SOURCE DATA:

/---

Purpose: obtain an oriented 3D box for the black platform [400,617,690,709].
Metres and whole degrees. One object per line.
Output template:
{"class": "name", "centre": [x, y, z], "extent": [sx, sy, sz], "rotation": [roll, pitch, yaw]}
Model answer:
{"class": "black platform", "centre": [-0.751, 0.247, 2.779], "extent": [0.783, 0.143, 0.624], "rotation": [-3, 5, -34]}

\---
/---

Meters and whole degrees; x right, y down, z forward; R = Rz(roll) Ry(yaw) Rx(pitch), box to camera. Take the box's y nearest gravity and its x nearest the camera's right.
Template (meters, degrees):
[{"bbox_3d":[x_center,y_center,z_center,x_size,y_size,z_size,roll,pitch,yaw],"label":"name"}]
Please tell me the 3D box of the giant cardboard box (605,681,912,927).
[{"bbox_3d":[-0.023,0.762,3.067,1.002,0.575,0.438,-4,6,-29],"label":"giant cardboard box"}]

\---

DESCRIPTION OF THE TASK:
Look for the string "roll" in the records, and copy every line where it is found.

ANSWER FOR THIS EXERCISE:
{"class": "name", "centre": [x, y, z], "extent": [sx, sy, sz], "rotation": [roll, pitch, yaw]}
Meters and whole degrees; x right, y down, z forward; R = Rz(roll) Ry(yaw) Rx(pitch), box to camera. Take the box's y nearest gravity and its x nearest the camera's right.
[{"bbox_3d":[x_center,y_center,z_center,x_size,y_size,z_size,roll,pitch,yaw],"label":"name"}]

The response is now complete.